Lithium-ion Battery Modelling Techniques

To optimize the performance, safety, and lifespan of li-ion batteries, different battery modeling techniques are used. This summary offers a basic understanding for the sake of simplicity.

1) Electrochemical Models: 

Describe battery behavior by taking into account the chemical reactions occurring within the battery.

1.1) Single Particle Model (SPM): Simplifies a battery's complexity by presuming that all active particles in electrode have identical SoC. Offers valuable insights into the intercalation process.

1.2) Pseudo Two-Dimensional Model (P2DM): Provides detailed understanding by accounting for spatial distribution of variables like concentration & potential. Its detailed nature makes it computationally intensive.

2) Equivalent Circuit Models: 

Represent the battery using familiar electrical components, making them easy to comprehend & implement.

2.1) Rint Model: A straightforward equivalent circuit involving an open-circuit voltage source & internal resistance, can accurately predict battery performance under steady-state conditions.

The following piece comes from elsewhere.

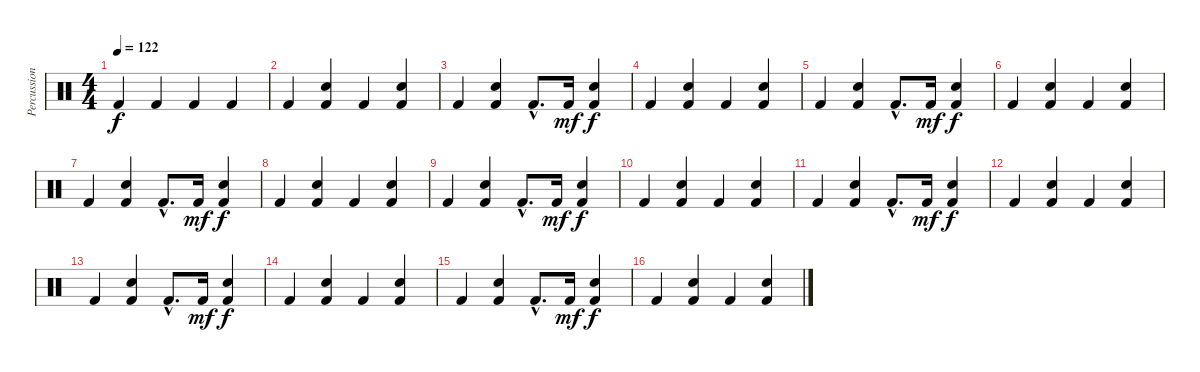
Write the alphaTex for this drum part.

2.2) Thevenin Model: Uses resistors & capacitors to represent battery polarization phenomena. It is widely used to estimate SoC & predict dynamic behaviors.

2.3) Generic Non-Linear (GNL) Model: Captures complex battery behaviors such as capacity fading by including non-linear elements. It requires more computational resources and detailed data.

3) Empirical Models: 

Derived from experimental observations & describe battery's behavior mathematically.

3.1) Shepherd Model: A simplistic model, represents discharge behavior of a battery. However, it often fails to account for factors like temperature effects and aging.

3.2) Unnewehr Universal Model: Comprehensive model accounting for a broader range of battery behaviors. Its complexity may limit its use in systems with computational constraints.

3.3) Nernst Model: Based on the Nernst equation & accounts for concentration of lithium ions, offering precise SoC estimation. Its inherent non-linearity, however, can make it computationally intensive.

4) Data-Driven Models: 

Utilize ML algorithms to predict the system's behavior.

4.1) Radial Basis Function Neural Network (RBFNN): Excellent at handling non-linear multi-dimensional function approximations & predicting SoC, SoH & RUL.

4.2) Support Vector Machine (SVM): SVMs have proven robust in estimating SoH and SoH of li-ion batteries, even under varying working conditions.

4.3) Extreme Learning Machine (ELM): ELM's speed & scalability make it advantageous in real-time battery management systems.